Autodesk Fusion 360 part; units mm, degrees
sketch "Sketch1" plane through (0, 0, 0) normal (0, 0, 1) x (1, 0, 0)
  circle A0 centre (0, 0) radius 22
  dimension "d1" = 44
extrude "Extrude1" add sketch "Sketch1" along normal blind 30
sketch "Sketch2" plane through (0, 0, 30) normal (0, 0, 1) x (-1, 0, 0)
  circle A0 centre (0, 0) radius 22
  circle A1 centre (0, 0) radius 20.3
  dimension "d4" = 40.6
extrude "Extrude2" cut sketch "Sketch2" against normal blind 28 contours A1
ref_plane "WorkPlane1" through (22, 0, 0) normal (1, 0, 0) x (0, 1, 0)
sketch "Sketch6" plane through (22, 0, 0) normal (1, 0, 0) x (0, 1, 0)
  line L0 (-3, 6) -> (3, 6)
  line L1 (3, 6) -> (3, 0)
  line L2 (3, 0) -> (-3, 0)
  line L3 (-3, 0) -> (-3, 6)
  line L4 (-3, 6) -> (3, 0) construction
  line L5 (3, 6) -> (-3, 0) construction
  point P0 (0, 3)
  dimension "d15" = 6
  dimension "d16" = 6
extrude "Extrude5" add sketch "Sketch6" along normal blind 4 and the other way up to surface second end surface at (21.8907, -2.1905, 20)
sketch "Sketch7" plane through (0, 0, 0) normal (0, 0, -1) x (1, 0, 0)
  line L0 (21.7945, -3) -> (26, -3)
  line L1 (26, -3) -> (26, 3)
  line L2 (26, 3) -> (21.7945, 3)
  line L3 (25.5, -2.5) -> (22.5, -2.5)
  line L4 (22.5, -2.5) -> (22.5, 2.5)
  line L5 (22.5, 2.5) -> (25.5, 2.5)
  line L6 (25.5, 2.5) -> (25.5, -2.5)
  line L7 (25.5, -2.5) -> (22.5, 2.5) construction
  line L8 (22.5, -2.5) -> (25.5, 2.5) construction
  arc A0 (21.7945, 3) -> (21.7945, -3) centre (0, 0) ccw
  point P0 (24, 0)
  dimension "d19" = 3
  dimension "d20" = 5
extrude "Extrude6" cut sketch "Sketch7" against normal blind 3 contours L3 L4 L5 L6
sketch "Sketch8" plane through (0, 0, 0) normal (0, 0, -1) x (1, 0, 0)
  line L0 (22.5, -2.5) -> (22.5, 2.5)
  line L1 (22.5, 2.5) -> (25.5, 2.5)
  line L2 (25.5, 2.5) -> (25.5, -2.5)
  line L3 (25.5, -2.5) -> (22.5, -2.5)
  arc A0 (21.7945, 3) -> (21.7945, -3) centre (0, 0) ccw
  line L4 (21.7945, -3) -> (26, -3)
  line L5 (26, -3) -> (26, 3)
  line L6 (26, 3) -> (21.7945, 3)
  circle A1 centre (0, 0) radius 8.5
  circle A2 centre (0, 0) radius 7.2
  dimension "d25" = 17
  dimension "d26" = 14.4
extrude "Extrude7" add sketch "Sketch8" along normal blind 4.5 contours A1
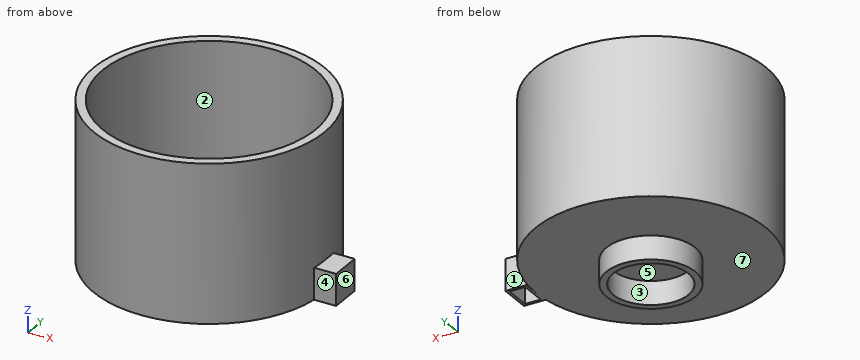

▶ [Task item]:
Using the entries above, give back exactly the line containing "line L8 (22.5, -2.5)", the line containing "line L1 (22.5, 2.5) -> (25.5, 2.5)", and every line between them, and nothing else.

▶ [Answer for the task]:
  line L8 (22.5, -2.5) -> (25.5, 2.5) construction
  arc A0 (21.7945, 3) -> (21.7945, -3) centre (0, 0) ccw
  point P0 (24, 0)
  dimension "d19" = 3
  dimension "d20" = 5
extrude "Extrude6" cut sketch "Sketch7" against normal blind 3 contours L3 L4 L5 L6
sketch "Sketch8" plane through (0, 0, 0) normal (0, 0, -1) x (1, 0, 0)
  line L0 (22.5, -2.5) -> (22.5, 2.5)
  line L1 (22.5, 2.5) -> (25.5, 2.5)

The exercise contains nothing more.